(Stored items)
☆ ☆ ☆ ☆
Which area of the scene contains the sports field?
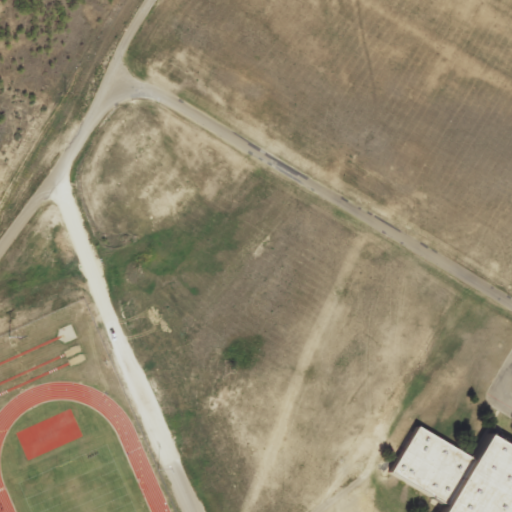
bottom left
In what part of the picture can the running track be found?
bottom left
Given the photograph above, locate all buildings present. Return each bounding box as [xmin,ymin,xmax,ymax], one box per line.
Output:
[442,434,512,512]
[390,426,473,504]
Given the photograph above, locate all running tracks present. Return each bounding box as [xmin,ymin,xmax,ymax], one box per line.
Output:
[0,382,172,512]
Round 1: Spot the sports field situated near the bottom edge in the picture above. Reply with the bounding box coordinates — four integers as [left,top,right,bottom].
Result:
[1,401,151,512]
☆ ☆ ☆ ☆
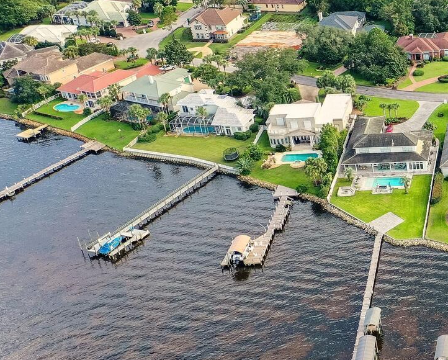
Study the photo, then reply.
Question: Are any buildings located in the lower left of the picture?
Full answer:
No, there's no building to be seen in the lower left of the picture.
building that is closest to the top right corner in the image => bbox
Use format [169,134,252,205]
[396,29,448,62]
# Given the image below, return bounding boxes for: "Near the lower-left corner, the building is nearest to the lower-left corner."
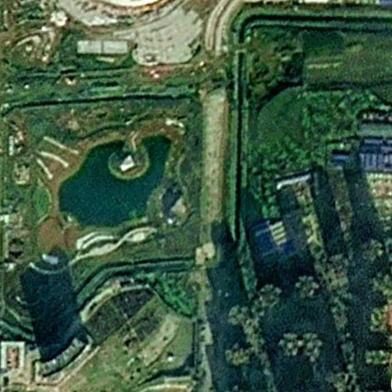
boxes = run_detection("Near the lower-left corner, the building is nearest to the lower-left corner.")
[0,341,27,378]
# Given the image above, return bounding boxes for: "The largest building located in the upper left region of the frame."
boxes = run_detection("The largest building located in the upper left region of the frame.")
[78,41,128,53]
☆ ☆ ☆ ☆
- _ABOUT THIS EXERCISE_
Show the lines of the records that contain the word "ymax".

- _REPLY_
Given the photograph above, locate all buildings present. Return each bounding box as [xmin,ymin,xmax,ymax], one box per line.
Given the photograph above, locate all running tracks present. Return each bounding box as [xmin,ymin,xmax,ymax], one box per line.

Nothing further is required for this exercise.